Problem to solve:
Once you reach the line containing "from the right?" in the entries below, write out that line and each one after it down to the line containing "Provide a succinct answer. 18.37.", exactly and with nothing added.
─── Data ───
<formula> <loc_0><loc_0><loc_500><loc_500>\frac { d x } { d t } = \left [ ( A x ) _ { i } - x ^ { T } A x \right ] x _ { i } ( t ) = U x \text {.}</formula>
───
─── Data ───
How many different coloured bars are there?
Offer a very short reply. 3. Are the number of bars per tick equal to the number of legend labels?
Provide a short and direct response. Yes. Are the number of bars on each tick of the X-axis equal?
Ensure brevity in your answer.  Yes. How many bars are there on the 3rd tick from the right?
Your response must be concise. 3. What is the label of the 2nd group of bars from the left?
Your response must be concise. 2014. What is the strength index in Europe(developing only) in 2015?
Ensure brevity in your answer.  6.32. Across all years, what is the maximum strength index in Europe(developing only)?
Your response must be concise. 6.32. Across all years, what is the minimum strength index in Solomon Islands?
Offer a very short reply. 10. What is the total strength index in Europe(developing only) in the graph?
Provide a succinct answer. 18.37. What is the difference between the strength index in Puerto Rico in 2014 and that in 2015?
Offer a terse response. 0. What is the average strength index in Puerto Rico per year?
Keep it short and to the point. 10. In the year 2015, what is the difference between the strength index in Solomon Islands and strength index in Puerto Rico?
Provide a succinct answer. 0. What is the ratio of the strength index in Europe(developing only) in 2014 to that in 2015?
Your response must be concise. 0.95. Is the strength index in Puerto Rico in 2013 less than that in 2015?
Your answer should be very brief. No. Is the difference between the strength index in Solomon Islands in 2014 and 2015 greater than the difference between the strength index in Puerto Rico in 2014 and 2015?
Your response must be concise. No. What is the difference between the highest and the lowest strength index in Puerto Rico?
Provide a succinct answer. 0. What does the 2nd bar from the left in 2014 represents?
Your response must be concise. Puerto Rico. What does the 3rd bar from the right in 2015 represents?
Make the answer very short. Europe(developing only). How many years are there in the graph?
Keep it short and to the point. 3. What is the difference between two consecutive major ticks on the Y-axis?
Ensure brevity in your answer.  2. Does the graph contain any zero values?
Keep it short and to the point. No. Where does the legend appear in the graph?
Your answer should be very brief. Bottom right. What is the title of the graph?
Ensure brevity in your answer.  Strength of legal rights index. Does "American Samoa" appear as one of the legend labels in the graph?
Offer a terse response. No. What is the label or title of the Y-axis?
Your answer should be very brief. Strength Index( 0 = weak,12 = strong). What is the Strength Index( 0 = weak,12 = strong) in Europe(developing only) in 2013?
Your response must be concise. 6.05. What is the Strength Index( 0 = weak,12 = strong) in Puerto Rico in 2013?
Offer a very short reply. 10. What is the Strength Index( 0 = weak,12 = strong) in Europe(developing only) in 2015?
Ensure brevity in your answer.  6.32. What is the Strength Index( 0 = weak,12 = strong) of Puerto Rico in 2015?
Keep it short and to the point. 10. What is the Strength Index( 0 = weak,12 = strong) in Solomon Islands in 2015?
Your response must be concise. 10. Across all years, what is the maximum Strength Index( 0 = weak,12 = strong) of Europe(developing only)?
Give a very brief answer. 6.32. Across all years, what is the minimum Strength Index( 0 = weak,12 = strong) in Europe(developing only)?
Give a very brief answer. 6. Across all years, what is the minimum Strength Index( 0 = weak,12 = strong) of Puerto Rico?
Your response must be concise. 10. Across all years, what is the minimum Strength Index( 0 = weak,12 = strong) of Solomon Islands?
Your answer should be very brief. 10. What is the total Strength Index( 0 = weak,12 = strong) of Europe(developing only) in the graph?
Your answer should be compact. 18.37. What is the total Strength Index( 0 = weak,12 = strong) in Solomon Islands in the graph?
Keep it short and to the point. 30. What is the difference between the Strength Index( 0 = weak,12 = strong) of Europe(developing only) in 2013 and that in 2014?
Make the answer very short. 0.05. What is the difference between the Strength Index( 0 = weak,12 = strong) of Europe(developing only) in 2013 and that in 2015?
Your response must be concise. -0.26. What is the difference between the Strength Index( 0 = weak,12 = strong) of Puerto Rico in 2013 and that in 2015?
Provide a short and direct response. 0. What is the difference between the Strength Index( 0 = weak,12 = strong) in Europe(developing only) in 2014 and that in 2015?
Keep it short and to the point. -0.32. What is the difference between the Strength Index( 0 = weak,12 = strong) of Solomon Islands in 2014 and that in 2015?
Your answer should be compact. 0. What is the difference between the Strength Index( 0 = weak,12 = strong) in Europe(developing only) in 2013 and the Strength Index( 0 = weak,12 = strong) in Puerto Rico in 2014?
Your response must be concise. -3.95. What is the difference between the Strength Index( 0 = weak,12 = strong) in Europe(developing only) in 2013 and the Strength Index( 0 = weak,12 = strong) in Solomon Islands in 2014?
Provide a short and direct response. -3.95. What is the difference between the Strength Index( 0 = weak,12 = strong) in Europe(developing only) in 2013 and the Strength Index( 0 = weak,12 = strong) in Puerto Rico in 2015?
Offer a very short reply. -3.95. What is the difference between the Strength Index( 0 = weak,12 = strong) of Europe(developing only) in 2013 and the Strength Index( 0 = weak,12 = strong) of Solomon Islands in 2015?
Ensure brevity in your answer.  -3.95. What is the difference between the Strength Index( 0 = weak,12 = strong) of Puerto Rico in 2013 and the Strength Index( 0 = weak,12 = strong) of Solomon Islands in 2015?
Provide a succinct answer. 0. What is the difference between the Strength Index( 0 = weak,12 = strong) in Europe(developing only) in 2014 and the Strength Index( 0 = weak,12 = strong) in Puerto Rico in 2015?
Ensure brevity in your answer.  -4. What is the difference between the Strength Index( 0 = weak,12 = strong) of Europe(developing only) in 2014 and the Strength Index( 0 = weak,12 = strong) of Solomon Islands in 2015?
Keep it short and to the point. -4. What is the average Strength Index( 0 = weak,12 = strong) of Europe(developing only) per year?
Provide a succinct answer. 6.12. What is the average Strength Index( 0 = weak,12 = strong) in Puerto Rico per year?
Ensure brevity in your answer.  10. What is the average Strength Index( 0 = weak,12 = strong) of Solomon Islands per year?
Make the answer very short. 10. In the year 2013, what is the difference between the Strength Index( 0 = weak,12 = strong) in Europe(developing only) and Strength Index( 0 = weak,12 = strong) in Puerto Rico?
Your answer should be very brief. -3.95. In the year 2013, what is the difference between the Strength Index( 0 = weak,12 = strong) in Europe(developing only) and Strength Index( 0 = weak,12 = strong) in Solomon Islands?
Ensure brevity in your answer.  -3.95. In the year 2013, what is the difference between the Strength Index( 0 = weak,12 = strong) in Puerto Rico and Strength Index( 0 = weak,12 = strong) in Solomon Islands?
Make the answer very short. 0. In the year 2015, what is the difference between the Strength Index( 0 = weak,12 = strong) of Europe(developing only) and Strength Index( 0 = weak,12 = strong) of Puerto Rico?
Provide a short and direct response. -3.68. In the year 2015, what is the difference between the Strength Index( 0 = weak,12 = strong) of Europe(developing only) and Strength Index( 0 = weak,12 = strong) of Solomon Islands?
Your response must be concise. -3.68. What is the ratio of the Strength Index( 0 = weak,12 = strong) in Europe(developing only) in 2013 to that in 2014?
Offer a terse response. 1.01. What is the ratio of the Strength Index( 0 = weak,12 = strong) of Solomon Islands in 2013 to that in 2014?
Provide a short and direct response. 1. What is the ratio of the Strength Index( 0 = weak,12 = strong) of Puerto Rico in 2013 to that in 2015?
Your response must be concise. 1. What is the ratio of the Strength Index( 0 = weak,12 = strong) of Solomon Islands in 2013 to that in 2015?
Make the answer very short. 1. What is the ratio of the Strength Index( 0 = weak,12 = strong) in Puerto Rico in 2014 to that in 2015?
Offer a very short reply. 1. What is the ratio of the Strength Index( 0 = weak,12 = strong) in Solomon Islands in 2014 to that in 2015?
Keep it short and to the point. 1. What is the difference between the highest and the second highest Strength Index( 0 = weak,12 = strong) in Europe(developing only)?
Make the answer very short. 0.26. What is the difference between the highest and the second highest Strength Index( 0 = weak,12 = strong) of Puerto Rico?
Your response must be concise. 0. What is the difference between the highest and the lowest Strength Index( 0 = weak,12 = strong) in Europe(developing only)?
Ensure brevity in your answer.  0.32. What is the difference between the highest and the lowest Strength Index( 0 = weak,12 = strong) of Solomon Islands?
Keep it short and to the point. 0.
───
Task result:
Ensure brevity in your answer.  Yes. How many bars are there on the 3rd tick from the right?
Your response must be concise. 3. What is the label of the 2nd group of bars from the left?
Your response must be concise. 2014. What is the strength index in Europe(developing only) in 2015?
Ensure brevity in your answer.  6.32. Across all years, what is the maximum strength index in Europe(developing only)?
Your response must be concise. 6.32. Across all years, what is the minimum strength index in Solomon Islands?
Offer a very short reply. 10. What is the total strength index in Europe(developing only) in the graph?
Provide a succinct answer. 18.37. What is the difference between the strength index in Puerto Rico in 2014 and that in 2015?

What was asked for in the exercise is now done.